Please transcribe exactly, and only, the lines of the data below between the line holding "#11 car <box>1659,508,1918,603</box>" and the line holding "#23 car <box>280,547,445,661</box>", inclusive.

(Beginning of Source data)

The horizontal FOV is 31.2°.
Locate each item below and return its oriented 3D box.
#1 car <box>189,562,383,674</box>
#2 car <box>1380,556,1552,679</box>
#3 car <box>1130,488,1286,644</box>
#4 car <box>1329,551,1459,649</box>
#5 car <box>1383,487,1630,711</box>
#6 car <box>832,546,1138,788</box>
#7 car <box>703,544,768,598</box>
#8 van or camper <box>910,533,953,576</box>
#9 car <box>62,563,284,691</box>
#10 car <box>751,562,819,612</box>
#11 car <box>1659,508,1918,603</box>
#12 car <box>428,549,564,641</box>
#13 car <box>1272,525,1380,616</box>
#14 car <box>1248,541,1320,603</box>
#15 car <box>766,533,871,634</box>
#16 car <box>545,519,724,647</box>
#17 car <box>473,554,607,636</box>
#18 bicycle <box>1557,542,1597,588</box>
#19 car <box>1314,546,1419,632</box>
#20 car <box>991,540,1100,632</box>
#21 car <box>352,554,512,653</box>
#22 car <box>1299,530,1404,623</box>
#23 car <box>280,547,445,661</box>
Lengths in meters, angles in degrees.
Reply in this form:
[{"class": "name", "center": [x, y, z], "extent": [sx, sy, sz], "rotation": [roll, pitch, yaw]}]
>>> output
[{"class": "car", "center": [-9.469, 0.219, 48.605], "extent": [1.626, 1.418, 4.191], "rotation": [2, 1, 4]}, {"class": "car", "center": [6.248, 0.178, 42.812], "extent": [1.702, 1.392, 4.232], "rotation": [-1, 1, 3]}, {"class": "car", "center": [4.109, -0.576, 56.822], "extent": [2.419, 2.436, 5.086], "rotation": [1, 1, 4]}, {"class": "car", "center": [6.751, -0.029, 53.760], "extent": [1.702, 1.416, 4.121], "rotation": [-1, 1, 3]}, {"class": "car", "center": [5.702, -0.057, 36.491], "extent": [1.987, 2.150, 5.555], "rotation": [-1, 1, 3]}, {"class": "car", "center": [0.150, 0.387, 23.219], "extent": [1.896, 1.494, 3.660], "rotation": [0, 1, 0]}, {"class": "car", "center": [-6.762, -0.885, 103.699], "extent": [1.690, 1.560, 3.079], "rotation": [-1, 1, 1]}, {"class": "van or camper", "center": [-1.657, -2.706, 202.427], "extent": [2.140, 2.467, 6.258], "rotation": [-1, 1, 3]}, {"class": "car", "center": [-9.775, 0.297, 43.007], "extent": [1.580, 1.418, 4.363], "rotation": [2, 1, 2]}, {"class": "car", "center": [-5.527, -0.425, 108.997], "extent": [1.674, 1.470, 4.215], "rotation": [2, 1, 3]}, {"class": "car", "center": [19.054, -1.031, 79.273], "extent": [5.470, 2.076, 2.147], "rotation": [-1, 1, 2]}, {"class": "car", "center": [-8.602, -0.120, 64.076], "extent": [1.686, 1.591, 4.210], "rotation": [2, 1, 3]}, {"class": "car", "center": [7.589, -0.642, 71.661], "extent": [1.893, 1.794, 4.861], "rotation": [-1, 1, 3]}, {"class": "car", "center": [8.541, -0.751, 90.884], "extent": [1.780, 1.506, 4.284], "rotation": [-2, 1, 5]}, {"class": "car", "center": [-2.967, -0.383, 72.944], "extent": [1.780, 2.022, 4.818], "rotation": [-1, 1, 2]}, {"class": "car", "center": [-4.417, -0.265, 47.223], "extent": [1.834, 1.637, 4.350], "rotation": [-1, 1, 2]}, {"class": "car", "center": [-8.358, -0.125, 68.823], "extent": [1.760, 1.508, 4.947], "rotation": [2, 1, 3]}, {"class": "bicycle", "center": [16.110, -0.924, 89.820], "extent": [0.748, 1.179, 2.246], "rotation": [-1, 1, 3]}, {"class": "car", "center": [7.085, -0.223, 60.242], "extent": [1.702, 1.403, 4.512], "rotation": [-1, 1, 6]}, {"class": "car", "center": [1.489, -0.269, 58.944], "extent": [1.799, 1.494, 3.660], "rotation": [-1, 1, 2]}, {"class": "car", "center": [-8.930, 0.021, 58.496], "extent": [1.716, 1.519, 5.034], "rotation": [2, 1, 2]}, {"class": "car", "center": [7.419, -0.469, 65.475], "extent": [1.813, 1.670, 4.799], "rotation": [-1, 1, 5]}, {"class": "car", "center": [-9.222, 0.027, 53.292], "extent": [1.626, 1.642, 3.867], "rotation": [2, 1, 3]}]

(End of Source data)

Expected output =
#11 car <box>1659,508,1918,603</box>
#12 car <box>428,549,564,641</box>
#13 car <box>1272,525,1380,616</box>
#14 car <box>1248,541,1320,603</box>
#15 car <box>766,533,871,634</box>
#16 car <box>545,519,724,647</box>
#17 car <box>473,554,607,636</box>
#18 bicycle <box>1557,542,1597,588</box>
#19 car <box>1314,546,1419,632</box>
#20 car <box>991,540,1100,632</box>
#21 car <box>352,554,512,653</box>
#22 car <box>1299,530,1404,623</box>
#23 car <box>280,547,445,661</box>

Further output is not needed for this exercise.